● **Exercise**
When the line containing "6) To maximize" appears in the data below, begin copying there and stop only after the line containing "Answer: Maximum possible".

Items from a dataset:
*** Block opens ***

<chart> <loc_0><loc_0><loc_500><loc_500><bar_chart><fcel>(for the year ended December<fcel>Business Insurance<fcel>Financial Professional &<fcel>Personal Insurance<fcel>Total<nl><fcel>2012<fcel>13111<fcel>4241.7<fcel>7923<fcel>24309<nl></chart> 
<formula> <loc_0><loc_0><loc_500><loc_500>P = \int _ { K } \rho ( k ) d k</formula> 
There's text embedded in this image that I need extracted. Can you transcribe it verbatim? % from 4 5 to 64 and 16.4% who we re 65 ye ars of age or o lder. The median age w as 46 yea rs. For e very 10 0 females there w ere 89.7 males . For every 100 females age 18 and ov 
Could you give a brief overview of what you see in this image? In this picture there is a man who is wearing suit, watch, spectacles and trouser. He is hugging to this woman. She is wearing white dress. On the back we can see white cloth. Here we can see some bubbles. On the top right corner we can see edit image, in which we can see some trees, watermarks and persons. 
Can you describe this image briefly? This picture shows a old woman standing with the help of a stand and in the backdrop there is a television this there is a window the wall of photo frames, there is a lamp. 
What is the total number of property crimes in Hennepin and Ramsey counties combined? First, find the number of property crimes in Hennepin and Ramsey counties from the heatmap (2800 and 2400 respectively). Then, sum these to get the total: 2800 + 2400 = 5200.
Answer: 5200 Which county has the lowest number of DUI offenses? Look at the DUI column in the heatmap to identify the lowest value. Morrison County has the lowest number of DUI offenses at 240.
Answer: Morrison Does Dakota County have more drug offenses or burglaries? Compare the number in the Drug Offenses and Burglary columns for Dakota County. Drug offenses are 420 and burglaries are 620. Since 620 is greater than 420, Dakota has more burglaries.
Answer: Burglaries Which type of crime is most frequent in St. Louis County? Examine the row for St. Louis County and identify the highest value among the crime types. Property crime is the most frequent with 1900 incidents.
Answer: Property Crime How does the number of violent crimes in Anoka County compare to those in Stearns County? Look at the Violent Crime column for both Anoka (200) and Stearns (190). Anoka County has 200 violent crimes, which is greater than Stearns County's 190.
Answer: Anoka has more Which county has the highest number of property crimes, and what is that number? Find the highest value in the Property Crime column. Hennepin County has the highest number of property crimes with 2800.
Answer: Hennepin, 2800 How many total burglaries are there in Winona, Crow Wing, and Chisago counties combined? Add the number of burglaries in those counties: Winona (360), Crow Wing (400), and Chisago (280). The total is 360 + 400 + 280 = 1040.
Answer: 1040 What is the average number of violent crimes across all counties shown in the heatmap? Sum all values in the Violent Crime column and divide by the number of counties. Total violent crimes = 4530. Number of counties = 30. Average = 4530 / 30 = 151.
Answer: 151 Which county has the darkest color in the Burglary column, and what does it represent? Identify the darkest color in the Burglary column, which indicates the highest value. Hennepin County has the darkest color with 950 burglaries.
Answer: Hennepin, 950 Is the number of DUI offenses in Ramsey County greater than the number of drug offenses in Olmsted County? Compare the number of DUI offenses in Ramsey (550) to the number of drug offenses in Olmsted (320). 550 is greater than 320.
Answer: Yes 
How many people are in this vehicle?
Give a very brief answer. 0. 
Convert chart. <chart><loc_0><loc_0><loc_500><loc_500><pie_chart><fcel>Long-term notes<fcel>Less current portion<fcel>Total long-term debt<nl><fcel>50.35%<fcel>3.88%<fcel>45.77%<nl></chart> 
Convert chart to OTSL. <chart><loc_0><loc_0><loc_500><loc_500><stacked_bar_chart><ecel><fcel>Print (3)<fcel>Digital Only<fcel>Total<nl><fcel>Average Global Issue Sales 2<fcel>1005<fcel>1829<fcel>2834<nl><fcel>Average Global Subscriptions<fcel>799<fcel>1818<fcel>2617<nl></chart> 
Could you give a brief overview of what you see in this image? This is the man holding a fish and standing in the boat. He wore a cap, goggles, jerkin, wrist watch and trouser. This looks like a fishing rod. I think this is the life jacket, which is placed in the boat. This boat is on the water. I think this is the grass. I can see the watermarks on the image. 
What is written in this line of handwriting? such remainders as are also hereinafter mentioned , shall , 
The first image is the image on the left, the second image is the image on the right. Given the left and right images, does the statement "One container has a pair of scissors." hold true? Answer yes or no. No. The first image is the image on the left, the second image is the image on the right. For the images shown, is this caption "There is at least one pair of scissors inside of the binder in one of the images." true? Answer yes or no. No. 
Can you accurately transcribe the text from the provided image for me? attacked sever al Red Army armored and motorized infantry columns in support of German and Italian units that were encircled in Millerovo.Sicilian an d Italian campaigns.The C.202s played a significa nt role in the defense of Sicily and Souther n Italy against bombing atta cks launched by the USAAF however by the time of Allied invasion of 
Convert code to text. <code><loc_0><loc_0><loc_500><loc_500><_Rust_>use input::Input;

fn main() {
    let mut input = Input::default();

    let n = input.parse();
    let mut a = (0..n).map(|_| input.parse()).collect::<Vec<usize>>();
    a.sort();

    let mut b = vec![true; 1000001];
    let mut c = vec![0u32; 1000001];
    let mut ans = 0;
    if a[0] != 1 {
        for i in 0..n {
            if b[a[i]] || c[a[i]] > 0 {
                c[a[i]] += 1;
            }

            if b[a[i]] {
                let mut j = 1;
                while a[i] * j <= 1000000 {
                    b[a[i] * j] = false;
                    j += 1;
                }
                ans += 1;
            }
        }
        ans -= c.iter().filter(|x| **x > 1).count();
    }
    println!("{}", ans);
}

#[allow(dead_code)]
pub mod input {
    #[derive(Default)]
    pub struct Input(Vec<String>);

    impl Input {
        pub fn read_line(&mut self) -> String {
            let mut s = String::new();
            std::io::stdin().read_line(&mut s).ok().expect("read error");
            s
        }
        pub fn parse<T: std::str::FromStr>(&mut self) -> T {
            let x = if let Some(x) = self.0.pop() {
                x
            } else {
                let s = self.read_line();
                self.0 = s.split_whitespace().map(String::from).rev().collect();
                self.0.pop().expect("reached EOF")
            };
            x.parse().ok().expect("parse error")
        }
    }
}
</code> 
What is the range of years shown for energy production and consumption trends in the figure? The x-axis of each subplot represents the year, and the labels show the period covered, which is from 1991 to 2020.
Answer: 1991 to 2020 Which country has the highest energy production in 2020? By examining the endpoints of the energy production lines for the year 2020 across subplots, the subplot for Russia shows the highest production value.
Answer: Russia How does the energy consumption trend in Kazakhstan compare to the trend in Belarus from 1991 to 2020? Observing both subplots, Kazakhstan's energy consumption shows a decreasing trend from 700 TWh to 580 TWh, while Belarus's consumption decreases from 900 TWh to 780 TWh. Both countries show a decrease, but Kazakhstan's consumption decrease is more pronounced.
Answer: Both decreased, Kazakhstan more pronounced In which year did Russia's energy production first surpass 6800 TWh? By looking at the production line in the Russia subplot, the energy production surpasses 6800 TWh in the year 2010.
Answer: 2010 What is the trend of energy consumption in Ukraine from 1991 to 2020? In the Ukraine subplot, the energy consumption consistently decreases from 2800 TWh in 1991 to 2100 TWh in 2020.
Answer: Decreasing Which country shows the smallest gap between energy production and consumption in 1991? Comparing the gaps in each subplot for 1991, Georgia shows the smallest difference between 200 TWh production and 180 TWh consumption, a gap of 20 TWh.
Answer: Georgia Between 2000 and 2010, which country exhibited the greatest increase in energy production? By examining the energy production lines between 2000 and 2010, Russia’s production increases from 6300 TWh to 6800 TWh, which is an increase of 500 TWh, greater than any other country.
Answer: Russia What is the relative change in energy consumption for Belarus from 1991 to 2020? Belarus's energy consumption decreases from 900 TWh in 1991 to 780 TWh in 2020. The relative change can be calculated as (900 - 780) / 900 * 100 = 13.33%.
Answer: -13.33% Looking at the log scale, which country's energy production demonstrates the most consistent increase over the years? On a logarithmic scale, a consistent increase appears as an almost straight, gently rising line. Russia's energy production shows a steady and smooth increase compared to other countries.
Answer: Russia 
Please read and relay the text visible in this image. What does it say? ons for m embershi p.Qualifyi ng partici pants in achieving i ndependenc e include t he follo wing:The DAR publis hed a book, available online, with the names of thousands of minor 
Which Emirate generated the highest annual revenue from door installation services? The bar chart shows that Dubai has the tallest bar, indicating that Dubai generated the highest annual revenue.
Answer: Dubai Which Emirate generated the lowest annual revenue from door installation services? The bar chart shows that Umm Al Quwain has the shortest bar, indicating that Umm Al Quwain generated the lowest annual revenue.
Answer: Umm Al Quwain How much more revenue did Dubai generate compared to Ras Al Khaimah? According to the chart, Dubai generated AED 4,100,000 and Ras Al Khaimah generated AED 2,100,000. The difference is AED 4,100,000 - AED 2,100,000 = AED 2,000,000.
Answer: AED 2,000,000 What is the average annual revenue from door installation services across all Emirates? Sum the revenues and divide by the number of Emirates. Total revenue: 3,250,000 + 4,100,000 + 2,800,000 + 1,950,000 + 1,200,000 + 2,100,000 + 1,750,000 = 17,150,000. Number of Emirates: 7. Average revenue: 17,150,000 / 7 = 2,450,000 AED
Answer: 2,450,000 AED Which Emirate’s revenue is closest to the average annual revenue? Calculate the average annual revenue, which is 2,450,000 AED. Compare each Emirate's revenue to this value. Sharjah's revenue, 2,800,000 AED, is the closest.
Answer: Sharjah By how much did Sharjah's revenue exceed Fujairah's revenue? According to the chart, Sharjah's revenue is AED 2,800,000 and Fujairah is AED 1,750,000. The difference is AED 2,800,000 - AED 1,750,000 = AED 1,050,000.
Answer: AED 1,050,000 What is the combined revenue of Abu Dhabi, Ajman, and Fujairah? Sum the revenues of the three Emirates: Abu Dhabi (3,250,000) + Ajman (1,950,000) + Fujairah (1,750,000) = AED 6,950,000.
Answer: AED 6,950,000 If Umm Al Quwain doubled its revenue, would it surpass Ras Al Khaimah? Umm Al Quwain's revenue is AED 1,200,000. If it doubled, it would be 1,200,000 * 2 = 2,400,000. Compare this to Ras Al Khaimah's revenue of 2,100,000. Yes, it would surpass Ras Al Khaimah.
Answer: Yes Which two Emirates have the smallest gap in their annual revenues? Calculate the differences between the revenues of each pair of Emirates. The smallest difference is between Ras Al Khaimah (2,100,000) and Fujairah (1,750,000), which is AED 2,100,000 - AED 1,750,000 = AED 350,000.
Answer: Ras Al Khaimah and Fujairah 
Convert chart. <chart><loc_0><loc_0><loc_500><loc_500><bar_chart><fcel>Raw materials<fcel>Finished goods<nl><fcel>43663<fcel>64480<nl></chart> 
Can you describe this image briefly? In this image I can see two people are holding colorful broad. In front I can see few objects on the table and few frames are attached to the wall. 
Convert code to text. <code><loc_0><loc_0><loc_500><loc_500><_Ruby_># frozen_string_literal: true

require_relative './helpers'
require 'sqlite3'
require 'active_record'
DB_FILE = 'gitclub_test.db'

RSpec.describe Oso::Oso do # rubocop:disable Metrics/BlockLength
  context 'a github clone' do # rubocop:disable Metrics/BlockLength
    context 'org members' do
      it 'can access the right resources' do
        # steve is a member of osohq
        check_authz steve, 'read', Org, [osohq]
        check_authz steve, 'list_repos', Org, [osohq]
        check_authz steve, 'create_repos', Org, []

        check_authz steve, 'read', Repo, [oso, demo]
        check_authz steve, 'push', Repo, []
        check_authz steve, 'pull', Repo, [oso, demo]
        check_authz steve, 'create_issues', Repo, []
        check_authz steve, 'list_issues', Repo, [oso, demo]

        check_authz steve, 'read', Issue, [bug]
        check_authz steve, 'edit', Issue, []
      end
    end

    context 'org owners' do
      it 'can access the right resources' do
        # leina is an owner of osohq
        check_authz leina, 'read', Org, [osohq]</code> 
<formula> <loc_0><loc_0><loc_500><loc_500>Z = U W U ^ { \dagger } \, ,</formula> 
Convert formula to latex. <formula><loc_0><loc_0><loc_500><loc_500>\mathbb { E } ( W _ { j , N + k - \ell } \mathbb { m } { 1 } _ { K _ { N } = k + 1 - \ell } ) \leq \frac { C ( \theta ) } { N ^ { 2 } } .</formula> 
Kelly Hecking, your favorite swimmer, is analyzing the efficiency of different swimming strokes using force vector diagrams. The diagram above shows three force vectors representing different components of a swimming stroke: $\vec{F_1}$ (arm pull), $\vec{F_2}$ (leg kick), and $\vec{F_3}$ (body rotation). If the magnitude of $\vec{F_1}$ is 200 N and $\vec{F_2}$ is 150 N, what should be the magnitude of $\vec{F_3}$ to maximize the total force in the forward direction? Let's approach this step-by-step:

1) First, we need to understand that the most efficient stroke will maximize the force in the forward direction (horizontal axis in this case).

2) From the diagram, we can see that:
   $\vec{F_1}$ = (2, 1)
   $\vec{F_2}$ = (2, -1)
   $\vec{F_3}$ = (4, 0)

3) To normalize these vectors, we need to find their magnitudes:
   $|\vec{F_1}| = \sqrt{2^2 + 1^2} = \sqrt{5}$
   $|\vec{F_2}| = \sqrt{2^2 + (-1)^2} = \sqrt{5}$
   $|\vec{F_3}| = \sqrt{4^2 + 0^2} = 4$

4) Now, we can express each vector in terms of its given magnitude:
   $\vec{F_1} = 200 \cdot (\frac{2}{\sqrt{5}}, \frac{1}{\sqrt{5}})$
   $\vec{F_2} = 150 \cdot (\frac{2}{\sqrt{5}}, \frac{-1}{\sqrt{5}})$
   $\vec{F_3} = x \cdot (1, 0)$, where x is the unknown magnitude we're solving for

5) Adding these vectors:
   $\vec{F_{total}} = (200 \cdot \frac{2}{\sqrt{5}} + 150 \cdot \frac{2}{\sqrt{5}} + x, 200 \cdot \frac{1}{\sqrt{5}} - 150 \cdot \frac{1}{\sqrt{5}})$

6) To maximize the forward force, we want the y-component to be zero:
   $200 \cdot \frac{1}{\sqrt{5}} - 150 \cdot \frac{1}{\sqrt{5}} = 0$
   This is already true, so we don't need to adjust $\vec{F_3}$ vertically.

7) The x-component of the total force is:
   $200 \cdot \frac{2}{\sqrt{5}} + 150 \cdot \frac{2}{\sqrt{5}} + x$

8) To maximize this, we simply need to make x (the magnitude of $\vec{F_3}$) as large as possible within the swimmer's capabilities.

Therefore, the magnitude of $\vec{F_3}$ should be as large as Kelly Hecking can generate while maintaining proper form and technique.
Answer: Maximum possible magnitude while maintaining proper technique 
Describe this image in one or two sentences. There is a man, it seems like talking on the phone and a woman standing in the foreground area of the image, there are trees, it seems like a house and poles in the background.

*** Block closes ***

● **Response below**
6) To maximize the forward force, we want the y-component to be zero:
   $200 \cdot \frac{1}{\sqrt{5}} - 150 \cdot \frac{1}{\sqrt{5}} = 0$
   This is already true, so we don't need to adjust $\vec{F_3}$ vertically.

7) The x-component of the total force is:
   $200 \cdot \frac{2}{\sqrt{5}} + 150 \cdot \frac{2}{\sqrt{5}} + x$

8) To maximize this, we simply need to make x (the magnitude of $\vec{F_3}$) as large as possible within the swimmer's capabilities.

Therefore, the magnitude of $\vec{F_3}$ should be as large as Kelly Hecking can generate while maintaining proper form and technique.
Answer: Maximum possible magnitude while maintaining proper technique 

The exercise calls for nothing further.